A OMS estima que campanhas de imunização evitam anualmente 2,5 milhões de mortes no mundo |
Eles não querem nem ouvir falar no assunto. Invocam o direito de escolha, citam casos trágicos dos quais tomaram conhecimento, criticam a indústria farmacêutica e acusam governos de se intrometerem na vida do cidadão. Para milhares de pais, a vacina é uma substância maléfica, associada a doenças e síndromes gravíssimas, como o autismo. Com as redes sociais, teorias conspiratórias contra as imunizações ganharam força — no Brasil, há diversos grupos que já se manifestam contrários à vacinação — e, aparentemente, nada do que se diga é capaz de convencê-los a proteger seus filhos contra males potencialmente incapacitantes e letais.
Embora sempre tenham havido vozes contrárias à imunização, mais recentemente elas ganharam força com a publicação de um artigo fraudulento, no fim da década de 1990, que associava a vacina a um risco aumentado de autismo. Uma investigação conduzida por um repórter da renomada revista The British Medical Journal (BMJ) descobriu, porém, que o autor manipulou os resultados e estava a serviço de um escritório de advocacia que queria ganhar dinheiro com pedidos de indenizações milionárias. Quando a farsa foi comprovada — e admitida —, era tarde.

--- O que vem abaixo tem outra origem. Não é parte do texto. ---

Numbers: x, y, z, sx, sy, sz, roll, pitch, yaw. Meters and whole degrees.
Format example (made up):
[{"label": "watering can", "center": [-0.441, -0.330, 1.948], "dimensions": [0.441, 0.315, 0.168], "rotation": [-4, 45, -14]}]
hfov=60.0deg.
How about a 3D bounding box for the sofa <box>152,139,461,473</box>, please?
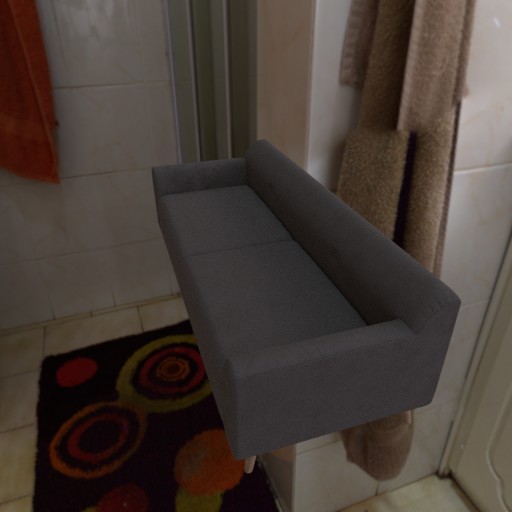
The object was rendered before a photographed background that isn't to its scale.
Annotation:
[{"label": "sofa", "center": [0.000, 0.000, 2.575], "dimensions": [0.900, 0.740, 2.190], "rotation": [-10, 32, -16]}]
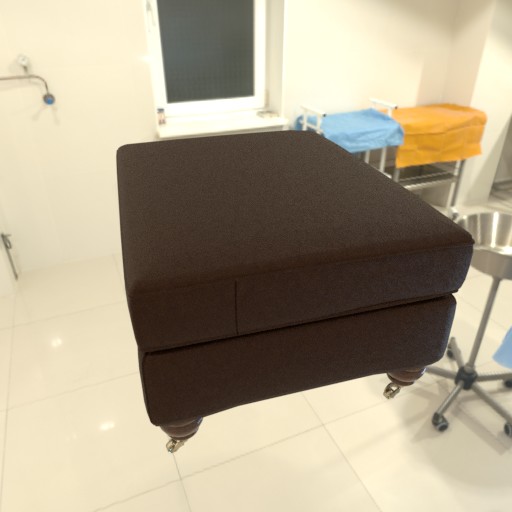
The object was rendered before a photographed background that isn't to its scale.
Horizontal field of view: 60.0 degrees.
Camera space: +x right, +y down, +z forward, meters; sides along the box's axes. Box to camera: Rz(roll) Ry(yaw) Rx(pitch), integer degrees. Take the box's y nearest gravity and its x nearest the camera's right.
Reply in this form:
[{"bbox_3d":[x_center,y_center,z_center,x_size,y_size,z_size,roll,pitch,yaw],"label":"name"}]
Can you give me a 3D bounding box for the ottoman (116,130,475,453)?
[{"bbox_3d":[0.000,0.000,1.753,0.967,0.730,1.187,-8,31,-14],"label":"ottoman"}]
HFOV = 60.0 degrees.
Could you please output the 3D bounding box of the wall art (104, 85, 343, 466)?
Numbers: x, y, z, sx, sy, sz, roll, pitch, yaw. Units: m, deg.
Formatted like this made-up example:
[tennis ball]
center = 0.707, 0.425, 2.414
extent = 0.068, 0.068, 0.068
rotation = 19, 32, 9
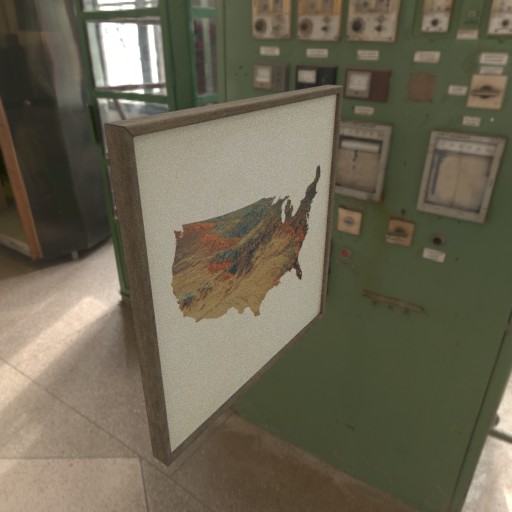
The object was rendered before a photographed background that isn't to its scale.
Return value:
[wall art]
center = 0.000, 0.000, 1.120
extent = 0.050, 0.751, 0.749
rotation = 18, 32, 32
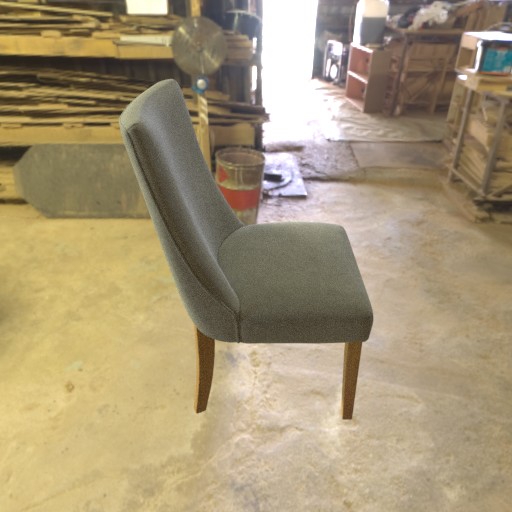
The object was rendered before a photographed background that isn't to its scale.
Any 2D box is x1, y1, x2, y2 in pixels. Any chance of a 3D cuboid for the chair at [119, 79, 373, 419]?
[{"bbox_3d":[0.000,0.000,1.298,0.610,0.902,0.495,0,32,0],"label":"chair"}]

O autor perdeu o diploma de medicina, mas deixou um rastro de desconfiança sobre a importância da imunização em todo o mundo.
Agora, ao se debruçar sobre a recusa de vacinar as crianças, pesquisadores da Universidade de Illinois em Urbana-Champaign, nos Estados Unidos, constataram que dificilmente um cético se convencerá de que não existe qualquer respaldo científico nas campanhas antivacinação. Pelo contrário, essa afirmação só vai reforçar a crença equivocada, garantem, em um artigo publicado na revista Proceedings of the National Academy of Sciences (Pnas).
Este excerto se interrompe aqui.